Contrapuntal to Boris’s newly blurted-out ambitions to become Emperor of England, comparably ‘popular’ right-wing maverick and Europhobe Nigel Farage of UKIP has been touring his own prospective parliamentary constituency of Thanet South in his native Kent, seemingly intent on stamping his own statesmanlike prime ministerial ‘image’ in suit and posture-steadying rolled umbrella as walking stick. He put down his party’s unprecedented level of support in the East of England as possibly “something in the water” of the region –but we suspect it’s more to do with the fact that the East of the island is in the closest proximity to the Continent and so historically more territorially sensitive, plus has long been brainwashed by the grab-it-all ‘I’m All Right Jack’ edicts of Thatcherism and its associated ubiquitous red-top mouthpieces (Essex in particular), as well as, puzzlingly, having one of the highest populations of Irish travellers, Roma and immigrants.
Not surprising Farage has chosen the inveterately right-wing entrenchments of his native Kent for his campaign’s stomping ground; even if it is now hugely ironic to recall that far back in history, in medieval times, the county’s inhabitants were at the vanguard of almost all the most significant and radical uprisings against establishments, including the Peasant’s Revolt of 1381 (Wat Tyler formed his army from mainly Kentish men), Jack Cade’s rebellion against Henry VI in 1450, and the Protestant revolt against Catholic Mary Tudor in 1553, led by Thomas Wyatt.
The Purpleshirts
[Stop Press 30/8/14: Life really is a bit too short to go into much polemical comment on the recent defection of Tory backbencher Douglas Carswell to the xenophobic ranks of UKIP; suffice it to say that The Recusant sincerely hopes this will at least cause a rupture in the Tory Party and hamper its chances of scraping a minority in next year's general election. Apart from such considerations, the story is otherwise far more predictable than the media have tried to hype it, and entirely irrelevant to the pressing issues facing our cuts-shattered society -such as, for instance, our almost obliterated social fabric. But unfortunately, of course, the 'Great' British public still seem to be infatuated with Nigel Farage and his march towards a new English chauvinism, as a recent -and, one suspects, distintly un-ironic- poster pastiche reminds us this week: KEEP CALM AND DEFECT TO UKIP. It would be funny if it wasn't so bowel-scrapingly depressing.].

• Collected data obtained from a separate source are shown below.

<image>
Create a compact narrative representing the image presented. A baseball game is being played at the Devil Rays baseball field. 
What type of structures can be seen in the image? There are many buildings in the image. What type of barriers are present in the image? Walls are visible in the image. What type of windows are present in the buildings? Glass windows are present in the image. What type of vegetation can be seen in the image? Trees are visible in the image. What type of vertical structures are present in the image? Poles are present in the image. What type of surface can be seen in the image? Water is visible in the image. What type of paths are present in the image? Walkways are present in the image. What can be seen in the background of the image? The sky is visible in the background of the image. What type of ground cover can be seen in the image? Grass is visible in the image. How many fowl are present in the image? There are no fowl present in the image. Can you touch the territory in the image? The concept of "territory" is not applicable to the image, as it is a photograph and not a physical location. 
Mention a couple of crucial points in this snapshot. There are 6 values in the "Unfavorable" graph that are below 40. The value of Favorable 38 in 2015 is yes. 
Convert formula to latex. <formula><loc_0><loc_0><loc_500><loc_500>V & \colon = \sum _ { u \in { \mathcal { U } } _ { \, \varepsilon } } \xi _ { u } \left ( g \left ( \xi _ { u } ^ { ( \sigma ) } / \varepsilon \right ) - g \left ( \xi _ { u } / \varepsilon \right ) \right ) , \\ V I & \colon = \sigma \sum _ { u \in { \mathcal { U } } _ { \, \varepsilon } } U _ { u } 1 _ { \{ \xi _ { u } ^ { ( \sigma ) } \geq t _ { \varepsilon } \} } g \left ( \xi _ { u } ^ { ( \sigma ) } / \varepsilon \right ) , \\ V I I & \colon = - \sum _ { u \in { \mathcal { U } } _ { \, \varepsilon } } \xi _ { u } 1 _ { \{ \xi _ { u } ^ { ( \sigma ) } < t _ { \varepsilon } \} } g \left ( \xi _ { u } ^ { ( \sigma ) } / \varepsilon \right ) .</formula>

It is perhaps the most disturbing British political development since the rise of Oswald Mosley's Blackshirts in the 1930s that the increasingly popular and so-called "fourth party of British politics", UKIP, numbers among its MEPs characters such as Bill Etheridge who, as reported in the Morning Star this week, has exhorted 'young UKIP members' to emulate 'Hitler's speaking style':
AN MEP found himself in hot waters this weekend after advising young Ukip members to copy Adolf Hitler, describing the dictator as “magnetic,” writes Joana Ramiro.

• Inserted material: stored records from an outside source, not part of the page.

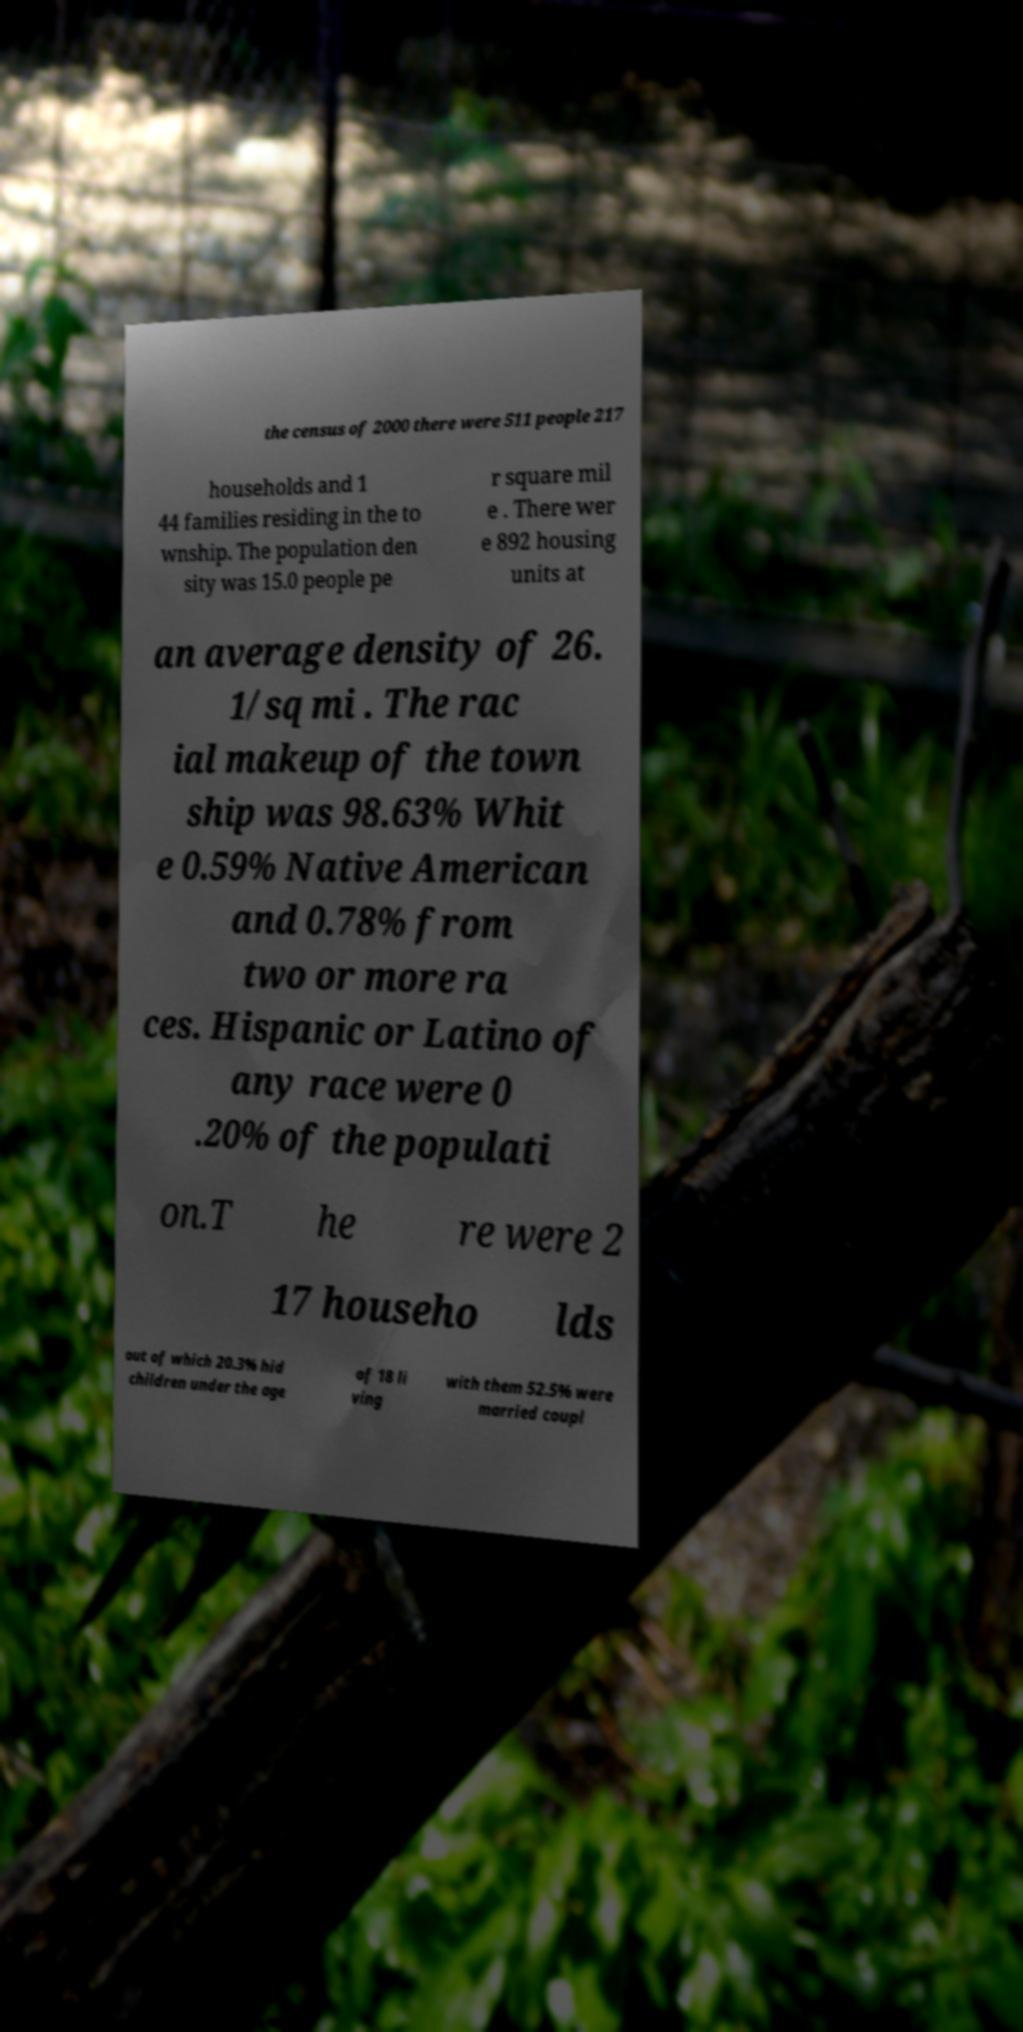For documentation purposes, I need the text within this image transcribed. Could you provide that? the census of 2000 there were 511 people 217 households and 1 44 families residing in the to wnship. The population den sity was 15.0 people pe r square mil e . There wer e 892 housing units at an average density of 26. 1/sq mi . The rac ial makeup of the town ship was 98.63% Whit e 0.59% Native American and 0.78% from two or more ra ces. Hispanic or Latino of any race were 0 .20% of the populati on.T he re were 2 17 househo lds out of which 20.3% hid children under the age of 18 li ving with them 52.5% were married coupl 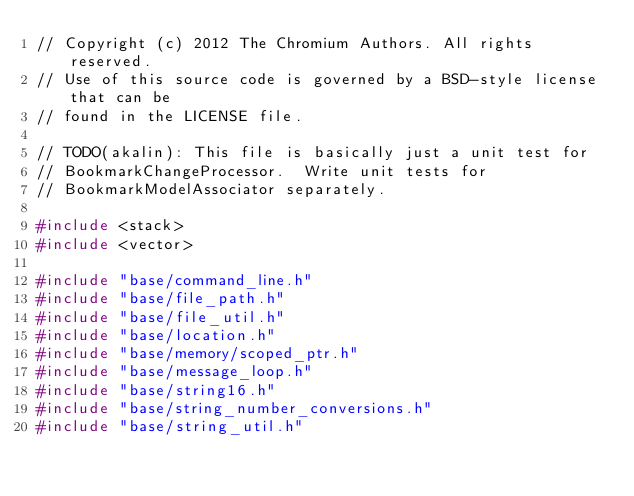Convert code to text. <code><loc_0><loc_0><loc_500><loc_500><_C++_>// Copyright (c) 2012 The Chromium Authors. All rights reserved.
// Use of this source code is governed by a BSD-style license that can be
// found in the LICENSE file.

// TODO(akalin): This file is basically just a unit test for
// BookmarkChangeProcessor.  Write unit tests for
// BookmarkModelAssociator separately.

#include <stack>
#include <vector>

#include "base/command_line.h"
#include "base/file_path.h"
#include "base/file_util.h"
#include "base/location.h"
#include "base/memory/scoped_ptr.h"
#include "base/message_loop.h"
#include "base/string16.h"
#include "base/string_number_conversions.h"
#include "base/string_util.h"</code> 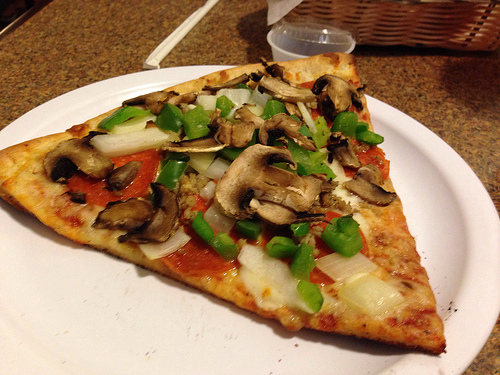Imagine if the toppings on this pizza could come to life. What kind of adventure would they embark on? In the whimsical land of Pizzagonia, the toppings of the pizza—Mushroom Max, Bell Pepper Bella, Onion Olly, and Pepperoni Pete—embark on a grand adventure to save their world from the dreaded Burnt Edge Fiends. Along the way, they navigate through the Cheesy Hills and cross the Doughy Plains, using their unique ingredients traits to solve puzzles and defeat enemies. They ultimately discover that their unity and flavors combine to create the ultimate culinary harmony, restoring peace and balance to Pizzagonia. Describe the culinary exploration a food blogger might experience when tasting this pizza. As the food blogger takes their first bite, the medley of flavors offers an exquisite symphony for the taste buds. The sautéed mushrooms provide an earthy, umami kick that blends perfectly with the fresh, slightly crunchy green bell peppers. The onions add a sweet, caramelized depth that contrasts beautifully with the smoky, spicy notes of the pepperoni. The crispy yet tender crust serves as the ideal canvas for the toppings, bringing harmony to each bite. This pizza is truly a gastronomic journey, evoking memories of rustic kitchens and family gatherings.

According to the Mail on Sunday, West Midlands representative Bill Etheridge praised the Nazi leader at this year’s Young Independence Conference in Birmingham.
Mr Etheridge — who was later defended by his party — endorsed Hitler’s public speaking style, arguing that “when he started speaking [people] were hanging on his every word.”
“Look back to the most magnetic and forceful public speaker possibly in history,” he advised prospective party candidates.
Labour MP Mike Gapes found the Ukip politician’s speech “simply unbelievable.”
“I thought nothing could surprise me any more but this just goes to show that Farage has completely failed to clean up his party,” he said.
Unite Against Fascism (UAF) joint secretary Weyman Bennett told the Star that “there has been a clear link of fascists and racists joining Ukip and Ukip have not got a robust system for dealing with this.”
UAF said it severely condemned any positive association with Adolf Hitler.
In response, Ukip opted to denounce the Mail on Sunday for its “truly disgusting” coverage of the event.
A party spokesman said that the Mail “as a Tory paper is terrified by the rise of Ukip and apparently will stoop to nothing to attack the party.”
However, in Mr Bennett’s opinion: “There is a real danger, although we do not consider Ukip to be fascist, that their politics will give a boost to fascist politics.”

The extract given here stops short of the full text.